◆ **Data to examine**:
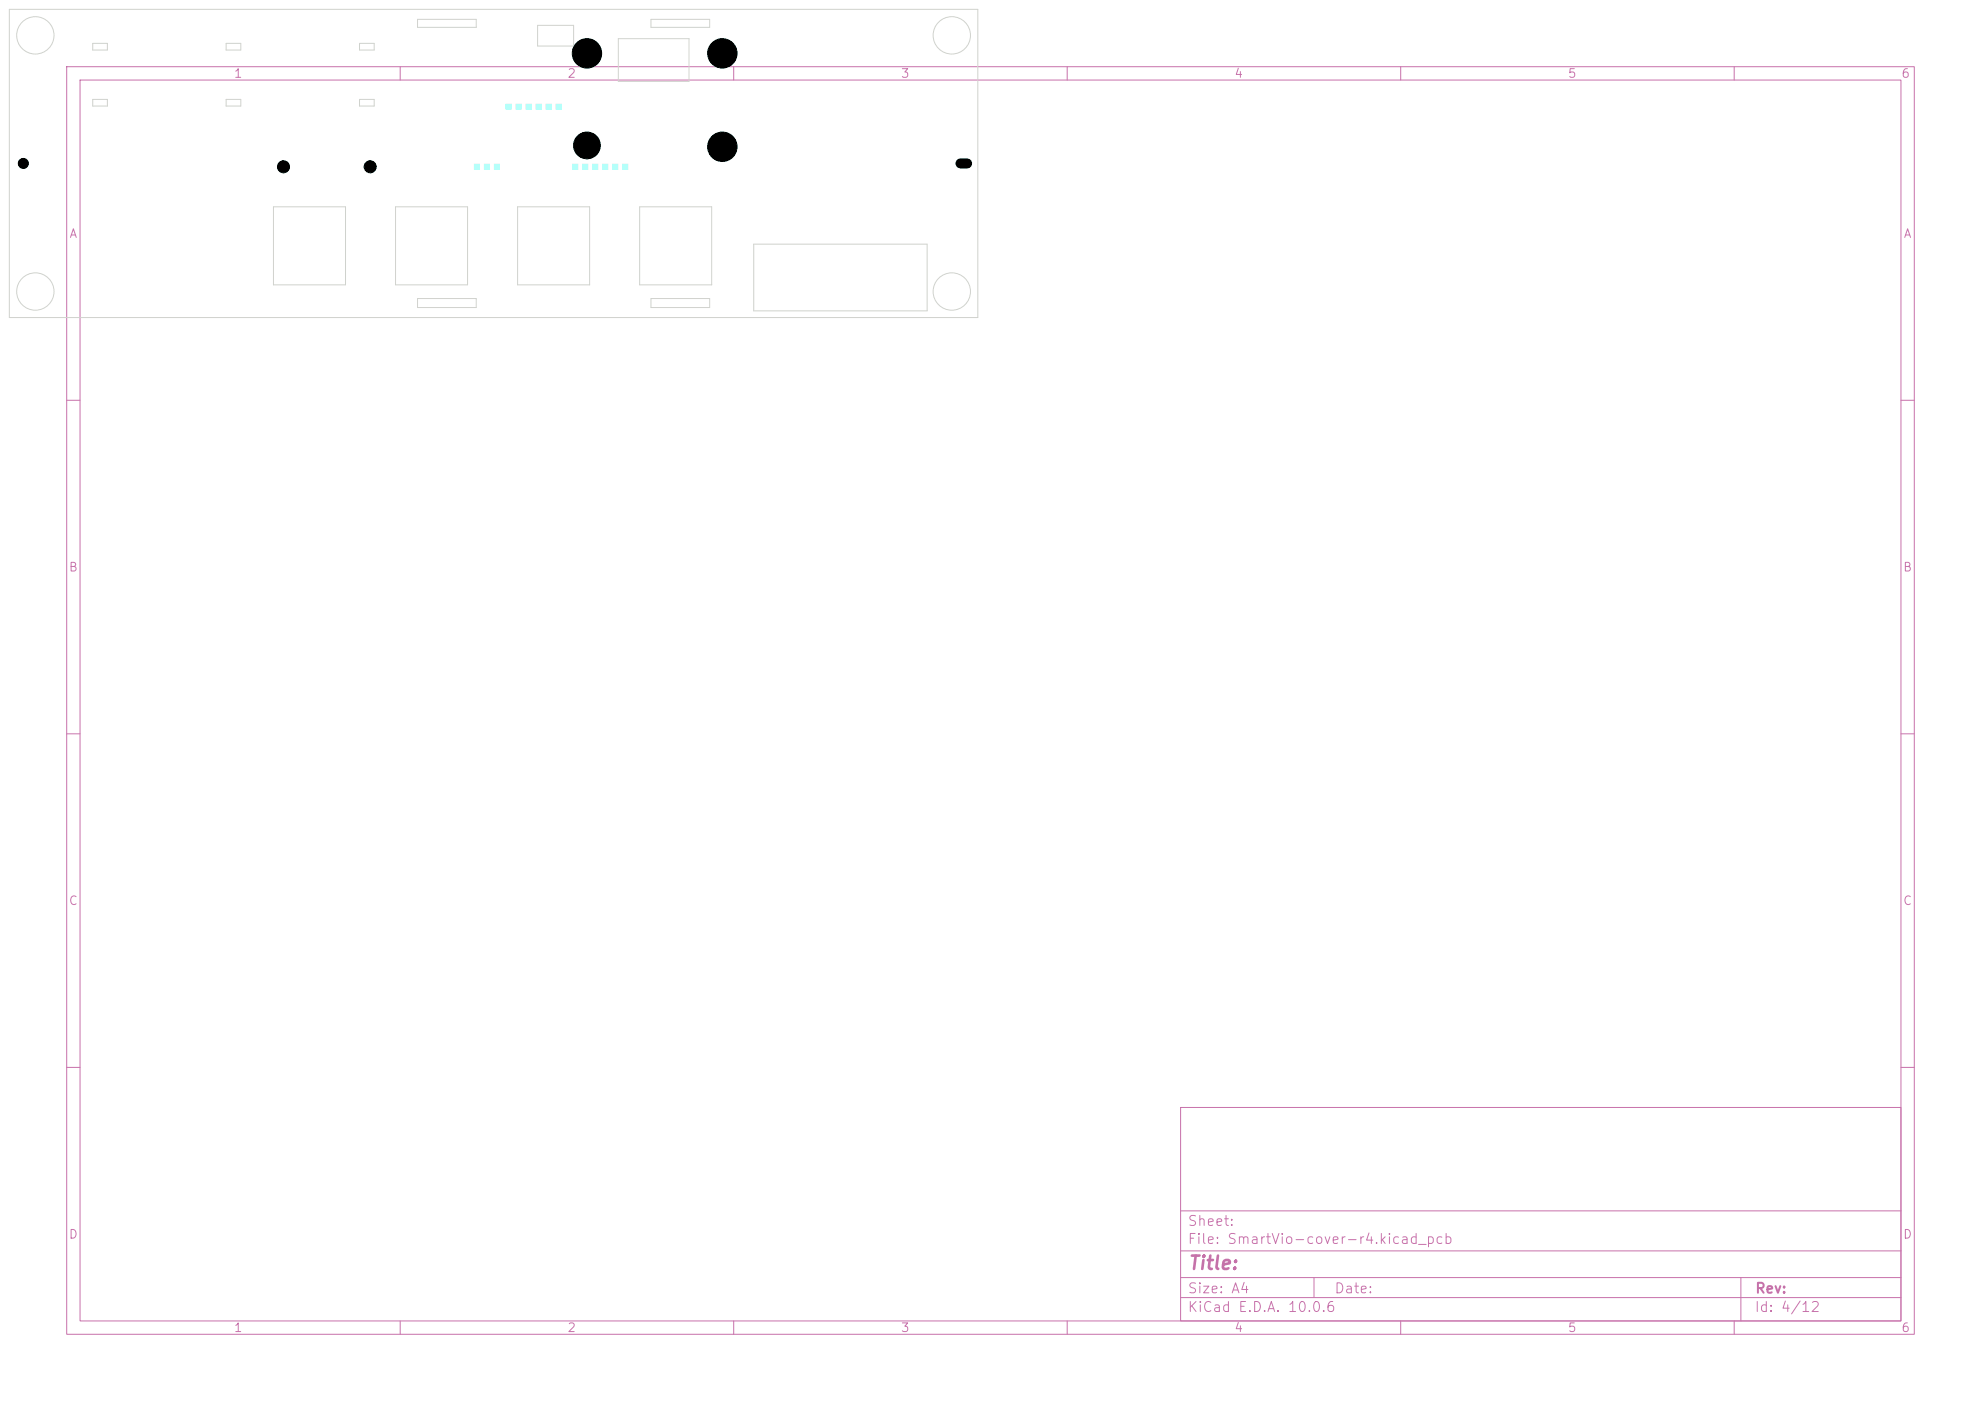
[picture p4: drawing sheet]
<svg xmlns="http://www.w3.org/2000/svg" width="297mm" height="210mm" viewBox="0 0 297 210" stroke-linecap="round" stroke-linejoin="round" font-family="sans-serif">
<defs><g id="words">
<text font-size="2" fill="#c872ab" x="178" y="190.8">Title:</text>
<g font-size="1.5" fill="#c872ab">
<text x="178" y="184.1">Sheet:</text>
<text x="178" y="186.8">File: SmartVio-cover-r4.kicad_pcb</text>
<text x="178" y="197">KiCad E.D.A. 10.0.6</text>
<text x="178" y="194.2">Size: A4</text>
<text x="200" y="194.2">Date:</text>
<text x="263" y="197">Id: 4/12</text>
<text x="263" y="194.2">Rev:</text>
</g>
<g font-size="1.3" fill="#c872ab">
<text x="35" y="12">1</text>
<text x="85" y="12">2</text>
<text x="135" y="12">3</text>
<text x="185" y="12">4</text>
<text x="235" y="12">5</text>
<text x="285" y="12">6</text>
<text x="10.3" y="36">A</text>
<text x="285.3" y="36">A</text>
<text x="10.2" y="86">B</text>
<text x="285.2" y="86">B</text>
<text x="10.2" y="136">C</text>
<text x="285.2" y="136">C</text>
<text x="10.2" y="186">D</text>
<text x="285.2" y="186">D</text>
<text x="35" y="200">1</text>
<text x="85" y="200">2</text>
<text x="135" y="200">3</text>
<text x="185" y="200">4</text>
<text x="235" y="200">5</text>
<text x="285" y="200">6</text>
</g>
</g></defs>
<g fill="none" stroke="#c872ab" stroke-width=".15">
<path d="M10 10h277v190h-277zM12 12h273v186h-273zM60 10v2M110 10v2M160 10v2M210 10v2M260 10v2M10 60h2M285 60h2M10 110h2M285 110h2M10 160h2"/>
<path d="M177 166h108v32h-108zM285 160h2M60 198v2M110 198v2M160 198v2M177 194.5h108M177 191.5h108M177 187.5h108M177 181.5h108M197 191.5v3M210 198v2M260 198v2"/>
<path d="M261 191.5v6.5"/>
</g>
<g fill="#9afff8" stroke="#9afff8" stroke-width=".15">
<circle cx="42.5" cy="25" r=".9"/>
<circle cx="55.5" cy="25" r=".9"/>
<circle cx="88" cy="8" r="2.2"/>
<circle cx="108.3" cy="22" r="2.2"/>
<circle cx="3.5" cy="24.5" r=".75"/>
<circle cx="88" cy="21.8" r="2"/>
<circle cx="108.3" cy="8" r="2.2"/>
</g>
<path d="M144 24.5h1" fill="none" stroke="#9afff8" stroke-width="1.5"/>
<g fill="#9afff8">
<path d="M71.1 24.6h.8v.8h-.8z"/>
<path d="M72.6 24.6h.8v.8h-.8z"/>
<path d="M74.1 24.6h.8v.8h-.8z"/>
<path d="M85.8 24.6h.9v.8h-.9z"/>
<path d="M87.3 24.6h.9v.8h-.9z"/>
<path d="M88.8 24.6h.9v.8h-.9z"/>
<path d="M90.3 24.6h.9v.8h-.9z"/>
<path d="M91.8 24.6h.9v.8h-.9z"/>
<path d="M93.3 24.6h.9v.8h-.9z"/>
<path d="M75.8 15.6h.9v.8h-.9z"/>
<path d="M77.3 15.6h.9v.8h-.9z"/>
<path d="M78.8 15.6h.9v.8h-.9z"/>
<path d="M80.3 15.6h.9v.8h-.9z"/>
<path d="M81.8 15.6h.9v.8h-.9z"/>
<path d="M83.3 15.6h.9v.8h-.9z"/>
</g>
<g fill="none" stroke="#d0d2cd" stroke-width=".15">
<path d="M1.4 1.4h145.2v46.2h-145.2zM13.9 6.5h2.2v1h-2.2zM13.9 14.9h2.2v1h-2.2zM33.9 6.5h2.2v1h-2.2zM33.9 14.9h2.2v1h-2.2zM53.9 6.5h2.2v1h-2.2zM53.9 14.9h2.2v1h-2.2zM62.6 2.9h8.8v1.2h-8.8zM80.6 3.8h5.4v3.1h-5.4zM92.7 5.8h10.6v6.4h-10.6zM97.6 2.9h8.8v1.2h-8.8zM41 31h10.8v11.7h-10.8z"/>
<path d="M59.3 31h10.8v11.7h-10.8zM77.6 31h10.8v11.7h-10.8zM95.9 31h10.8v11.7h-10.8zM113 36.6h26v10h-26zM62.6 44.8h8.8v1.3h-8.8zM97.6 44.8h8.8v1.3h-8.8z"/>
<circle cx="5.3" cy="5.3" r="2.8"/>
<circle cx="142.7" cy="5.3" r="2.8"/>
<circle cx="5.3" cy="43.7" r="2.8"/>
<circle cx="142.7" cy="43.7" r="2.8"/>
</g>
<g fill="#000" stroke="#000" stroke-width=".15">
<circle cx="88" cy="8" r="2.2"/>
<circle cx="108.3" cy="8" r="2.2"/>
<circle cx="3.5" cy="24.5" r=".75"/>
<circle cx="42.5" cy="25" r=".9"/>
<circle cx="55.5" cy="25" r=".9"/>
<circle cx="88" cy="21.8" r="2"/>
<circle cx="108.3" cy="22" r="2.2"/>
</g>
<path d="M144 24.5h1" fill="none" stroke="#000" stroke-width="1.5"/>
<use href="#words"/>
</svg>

◆ **Task to carry out**: Show, from the entries above, every line that includes the string "font".

◆ **Reply**:
<svg xmlns="http://www.w3.org/2000/svg" width="297mm" height="210mm" viewBox="0 0 297 210" stroke-linecap="round" stroke-linejoin="round" font-family="sans-serif">
<text font-size="2" fill="#c872ab" x="178" y="190.8">Title:</text>
<g font-size="1.5" fill="#c872ab">
<g font-size="1.3" fill="#c872ab">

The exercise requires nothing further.